Sidrap, Sulsel (ANTARA Sulsel) - Pemerintah Kabupaten Sidenreng Rappang (Sidrap) Sulawesi selatan memandang perlu melakukan perubahana Anggaran, berdasarkan pertimbangan dalam pelaksanaan Anggran Pendapatan Belanja Daerah (APBD) Sidrap.

Hal tersebut terungkap pada rapat Paripurna DPRD Sidrap dalam rangka Penyerahan Nota Keuangan dan Rancangan Perturan Daerah (Ranperda) APBD Perubahan tahun anggaran 2009, digedung DPRD Sidrap, Kamis.

Rapat yang dipimpin oleh Wakil Ketua II DPRD Sidrap H Munir Abduh didampingi Wakil Ketua I Dewan lainnya Drs Sutanto. Dihadiri Wakil Bupati Sidrap, Ir H Dollah Mando, Ketua Pengadilan Negeri Sidrap Hj Nirwana SH M Hum, Dandim 1420 Sidrap, Letkol Inf Tiur Siahaan dan yang mewakili unsur Muspida lainnya.

Selain itu, hadir pula Sekrtaris Kabupaten (Sekkab) Sidrap, Drs H Hasanuddin Syafiuddin M Si, para kepala badan, kepala dinas, kepala kantor dan unsur lainnya.

Pertimbangan sehingga dianggap perlu melakukan perubahan anggaran mengemuka bahwa dari hasil pemeriksaan Badan Pemeriksa Keuangan (BPK) tentang Sisa Lebih Perhitungan Anggaran (SILPA) tahun anggran 2008, yang mengharuskan untuk melakukan penyesuaian dengan anggaran pembiayaan dalam tahun anggran 2009 yang sementara berjalan.

Selain itu, adanya program yang telah mendapat persetujuan prinsip, yang sumber pendanaannya berasal dari sisa DAK (Dana Aloklasi Khusus) 2008 yang lanjutan pelaksanaannya pada tahun anggaran 2009.

Wakil Bupati Sidrap, H Dollah Mando dalam sambutannya memberikan gambaran umum sejumlah pos anggaran yang mengalami peningkatan. Misalnya, belanja pegawai khususnya penerimaan CPNSD sebanyak 322 orang dan tunjangan fungsional guru.

Di samping itu, belanja hibah untuk kelompok organisasi non pemerintah, dan belanja bantuan sosial untuk kelompok masyarakat dan perorangan serta program-program dan kegiatan lain yang sifatnya dianggap sangat penting.

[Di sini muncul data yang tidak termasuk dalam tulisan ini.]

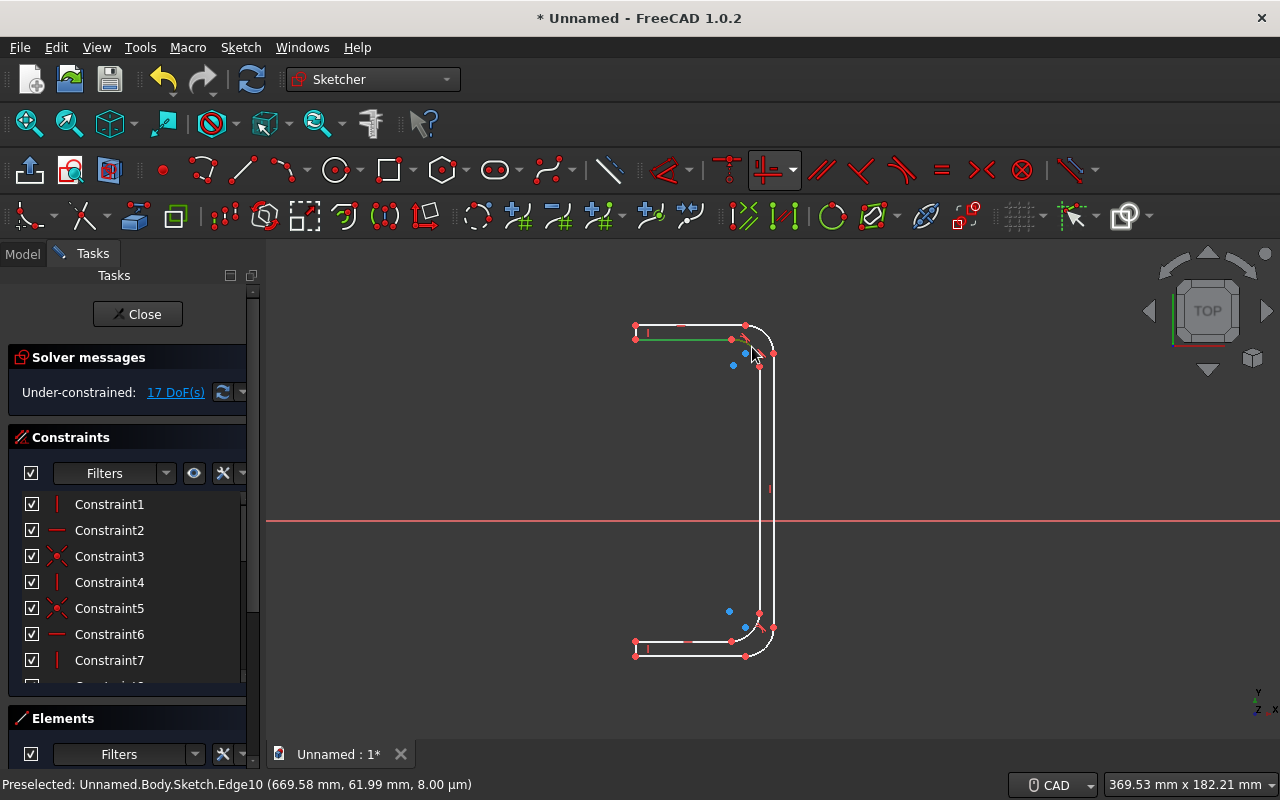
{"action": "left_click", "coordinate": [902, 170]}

Adapun Rancangan APBD Perubahan tahun anggaran 2009 yang diajukan, secara umum yang digambarkan adalah, Anggaran Pendapatan (berupa PAD, Penerimaan Dana Perimbangan dan lain-lain pendapatan yang sah), dianggarkan sebesar Rp560,72 milliar, naik Rp31,01 milliar dari anggaran awal sebesar Rp529,70 milliar atau mengalami kenaikan 5,8 persen.

Kelompok Belanja berupa, Anggaran Belanja Tidak Langsung sebesar Rp282,60 milliar lebih atau mengalami kenaikan Rp1,75 milliar atau naik 0,62 persen dari anggaran awal sebesar Rp 280,84 milliar.

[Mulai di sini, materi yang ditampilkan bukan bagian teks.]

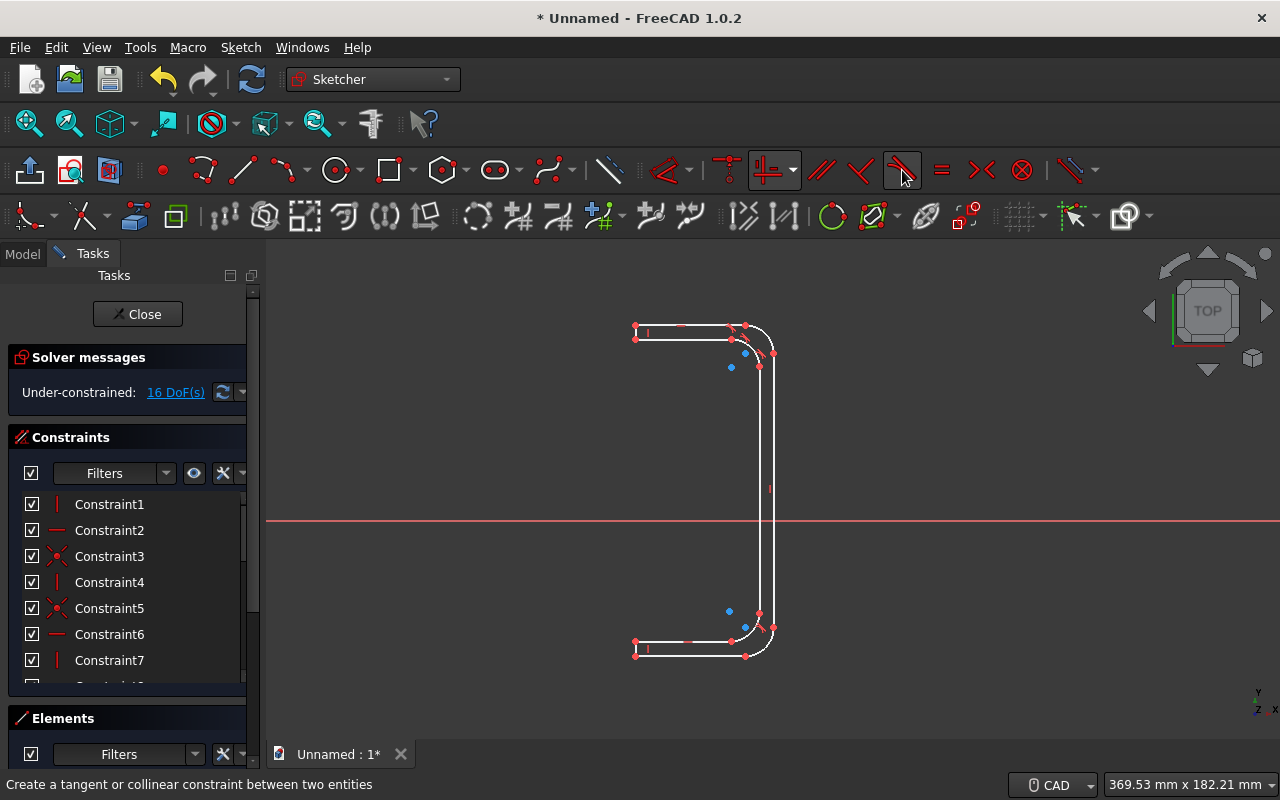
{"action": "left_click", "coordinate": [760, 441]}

Sementara untuk Anggaran Belanja Langsung sebesar Rp308,66 milliar atau mengalami penurunan sebesar Rp9,31 milliar atau turun 2,93 persen dari anggaran awal sebesar Rp317,97 milliar. Pos anggaran tersebut dialokasikan untuk membiayai Belanja Urusan Wajib dan Belanja Urusan Pilihan.

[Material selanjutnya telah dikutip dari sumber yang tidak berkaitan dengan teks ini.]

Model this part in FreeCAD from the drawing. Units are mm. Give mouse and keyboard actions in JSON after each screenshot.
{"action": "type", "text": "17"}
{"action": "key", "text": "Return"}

Pembiayaan, yang terdiri atas Penerimaan Daerah dari kelompok Pembiayaan mengalami penurunan sebesar Rp32,93 milliar atau sekitar 44,89 persen sehingga menjadi Rp40,41 milliar dari anggaran awal Rp73,35 milliar.

Sementara Pengeluaran Daerah dari Pembiayaan mengalami kenaikan sebesar Rp6,15 millar atau 165 persen dari anggaran awal Rp3,71 millar.